Размер шрифта
-
+

Михайлов или Михась? - стр. 38


ОТ СОСТАВИТЕЛЯ ЛИБРЕТТО

У кого-то может сложиться впечатление, что господин Кроше дурно исполняет свою роль. Я вынужден заступиться за дирижера. Как уже было сказано, он весьма искушен в своем деле. И постоянные посетители Дворца правосудия знают, как может блеснуть Жан Луи Кроше. О, как бывал он красноречив на этой сцене, к каким блистательным метафорам и разящим сравнениям прибегал! Как завороженные, бывало, следили судьи за его манипуляциями дирижерской палочкой и, являя собой слаженный ансамбль, исполняли мелодии в дирижерской трактовке прокурора.

Что же произошло на сей раз? Да в том-то и дело, что – ничего. Зачем распылять свой талант, если финал заранее предопределен? Прокурор, как всегда, утверждал, что за прошедшее время у защиты не появилось никаких новых аргументов. На самом же деле он исполняет хорошо отработанный классический опереточный прием, когда подгулявший муж вместо того, чтобы оправдываться, начинает во всех грехах обвинять свою жену. А что, собственно, говорить прокурору? На протяжении полутора лет «постановщик» Жорж Зекшен вместе с «дирижером» Жаном Луи Кроше пытались доказать причастность Сергея Михайлова к русской мафии, к преступлениям, которые он якобы совершил в Израиле и в других странах.

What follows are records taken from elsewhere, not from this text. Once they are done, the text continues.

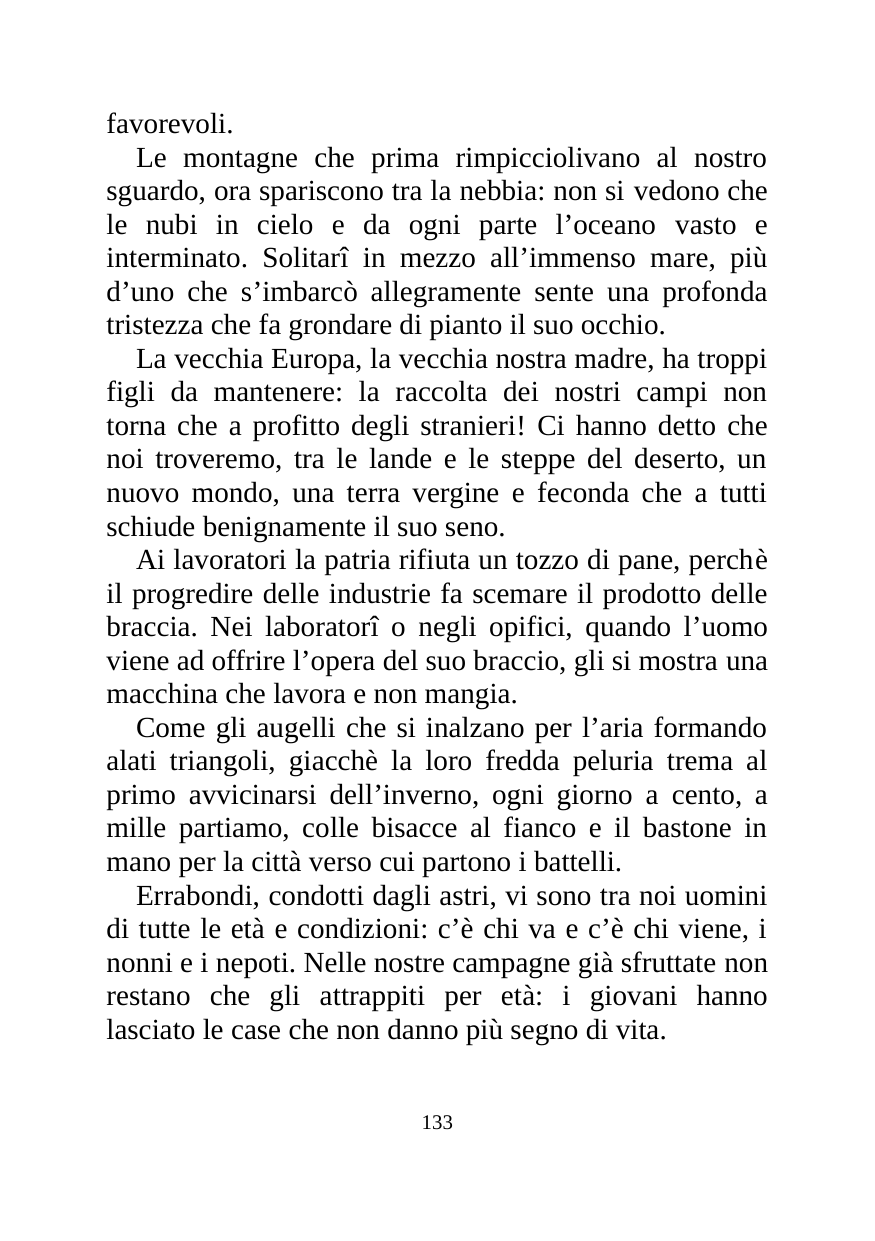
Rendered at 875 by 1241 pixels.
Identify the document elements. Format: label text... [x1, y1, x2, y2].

text favorevoli. [106, 106, 768, 140]
text Come gli augelli che si inalzano per l’aria formando alati triangoli, giacchè la loro fredda peluria trema al primo avvicinarsi dell’inverno, ogni giorno a cento, a mille partiamo, colle bisacce al fianco e il bastone in mano per la città verso cui partono i battelli. [106, 710, 768, 878]
text Ai lavoratori la patria rifiuta un tozzo di pane, perchè il progredire delle industrie fa scemare il prodotto delle braccia. Nei laboratorî o negli opifici, quando l’uomo viene ad offrire l’opera del suo braccio, gli si mostra una macchina che lavora e non mangia. [106, 542, 768, 710]
text Errabondi, condotti dagli astri, vi sono tra noi uomini di tutte le età e condizioni: c’è chi va e c’è chi viene, i nonni e i nepoti. Nelle nostre campagne già sfruttate non restano che gli attrappiti per età: i giovani hanno lasciato le case che non danno più segno di vita. [106, 878, 768, 1045]
text La vecchia Europa, la vecchia nostra madre, ha troppi figli da mantenere: la raccolta dei nostri campi non torna che a profitto degli stranieri! Ci hanno detto che noi troveremo, tra le lande e le steppe del deserto, un nuovo mondo, una terra vergine e feconda che a tutti schiude benignamente il suo seno. [106, 341, 768, 542]
text Le montagne che prima rimpicciolivano al nostro sguardo, ora spariscono tra la nebbia: non si vedono che le nubi in cielo e da ogni parte l’oceano vasto e interminato. Solitarî in mezzo all’immenso mare, più d’uno che s’imbarcò allegramente sente una profonda tristezza che fa grondare di pianto il suo occhio. [106, 140, 768, 341]

В результате из России, Израиля и других стран, куда отправлялись запросы и неоднократно выезжал сам Зекшен, пришли официальные ответы, что у правоохранительных органов этих стран никаких претензий к господину Михайлову нет.

Людям, причастным к театру, хорошо известно, какой важный фон могут создать шумовые эффекты за сценой. Не найдя никаких фактов, подтверждающих вину заключенного, постановщики спектакля занялись подготовкой шумовых эффектов. И находящиеся за сценой лжесвидетели полностью оправдали свое назначение. Есть старый как мир театральный прием. Когда нужно создать на сцене или за сценой сильный, все заглушающий шум, группа статистов начинает вразнобой, но очень громко произносить одну и ту же фразу, многократно ее повторяя: «Что говорить, если нечего говорить, что говорить, если нечего говорить…» Практика театральных постановок показала, что именно эта глупость и бессмыслица создают впечатление наибольшего шумового эффекта.

Если вновь внимательно прочитать показания свидетелей, вернее, как теперь уже доказано, лжесвидетелей Николая Упорова, Роберта Левинсона, Майкла Шранца, Александра Абрамовича и парочки им же подобных, то коротко их показания можно было бы резюмировать все той же пресловутой фразой: «Что говорить, если нечего говорить». Упоров работал в московском РУОПе, уволившись, бежал в Швейцарию. Ни одно из его показаний не имеет до-кументального подтверждения. В «доказательство» он произносит туманно одно и то же: «Я основываюсь на оперативных данных». И хотя ни один суд в мире никогда не выносил обвинительный приговор, основываясь на оперативных данных, следствие продолжает упорно величать Упорова (простите за тавтологию, честное слово, не нарочно) главным свидетелем обвинения, и его бред скрупулезно протоколируется. Агент ФБР Роберт Левинсон от Упорова отличается разве что местом жительства. А так – близнецы-братья. Та же необузданная фантазия, не подтвержденная никакими документами. Если поверить Левинсону в том, что он действительно занимался этим на территории России, то эту деятельность следует охарактеризовать не иначе как шпионской.